I’ve been thinking lately about that explanation I gave to Sugar, and about how much Pam and Kate embody that idea. They are each others family in the truest sense. They are there for each other through everything, they hold and support each other through the hard times and laugh and share in each others delight through the good. There is a permanence to their love and commitment that only happens in a family. A deep and unfading understanding that no matter what happens, they have each other, and share a bond that can’t be broken.

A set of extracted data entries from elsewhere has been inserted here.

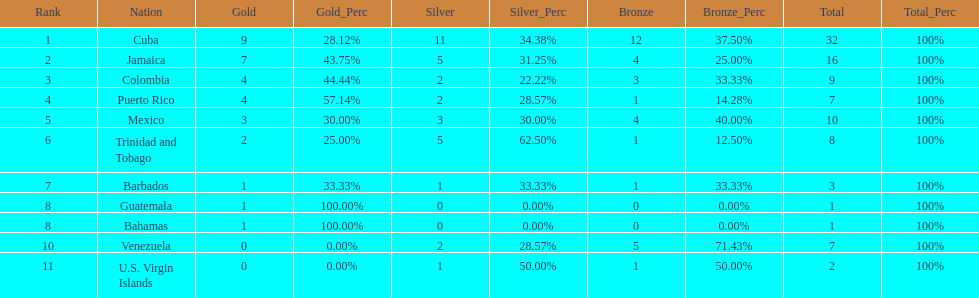Who had more silvers? colmbia or the bahamas Colombia. 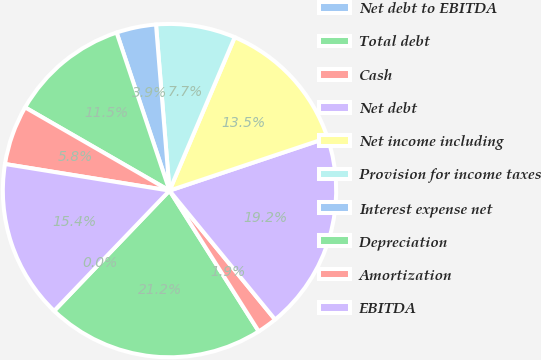Convert chart. <chart><loc_0><loc_0><loc_500><loc_500><pie_chart><fcel>Net debt to EBITDA<fcel>Total debt<fcel>Cash<fcel>Net debt<fcel>Net income including<fcel>Provision for income taxes<fcel>Interest expense net<fcel>Depreciation<fcel>Amortization<fcel>EBITDA<nl><fcel>0.01%<fcel>21.15%<fcel>1.93%<fcel>19.22%<fcel>13.46%<fcel>7.69%<fcel>3.85%<fcel>11.54%<fcel>5.77%<fcel>15.38%<nl></chart> 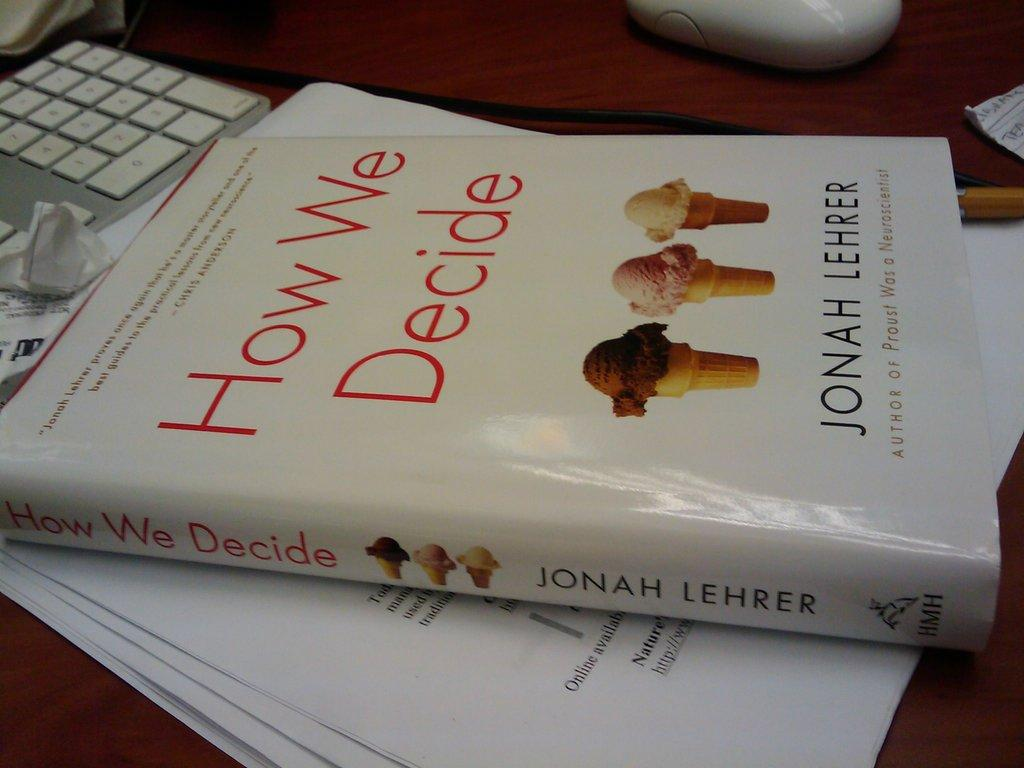What object related to reading can be seen in the image? There is a book in the image. What other items related to work or study can be seen in the image? There are papers and a keyboard visible in the image. What device is used for input in the image? There is a mouse in the image. What connects the mouse to the keyboard in the image? There is a wire in the image. What is the color of the table in the image? The table in the image is brown in color. What type of circle is present in the image? There is no circle present in the image. What kind of cast can be seen in the image? There is no cast present in the image.

It astounds and shocks me that there are people who think that this amazing and oh so elusive love that exists between Pam and Kate is not as valid, not as worthy of honor and recognition as the love between any man and any woman. That somehow any of the flawed, imperfect, often unhealthy and always temporary relationships I’ve had (or have seen between other men and women) could, with a few dollars and a few minutes in any City Hall in the country, be made legally binding and recognized as such anywhere we wanted to go. How could those mediocre travesties of love be more worthy of respect than

True Love.

A love so complete, so binding, so eternal that it turns strangers into family. That’s what Pam and Kate have. It’s not a myth, a fairy tale, a child’s fantasy to dissipate with experience and knowledge. It’s real, it’s tangible, it’s true. It lives in these two people together. It makes me re-think everything I’ve come to believe in the last 16 years. It gives me hope.

The sight of their love, the very existence of it shakes me to my core as surely as the ending of my marriage did. Is it possible? Could it be that maybe if it exists for them, it could exist for everyone? Even me?

I don’t know. Maybe it’s so rare that it only comes to a very few. All I know is that when it does happen the gender of its recipients is irrelevant and it should be held up as a shining beacon so all can see it’s possible and it’s real.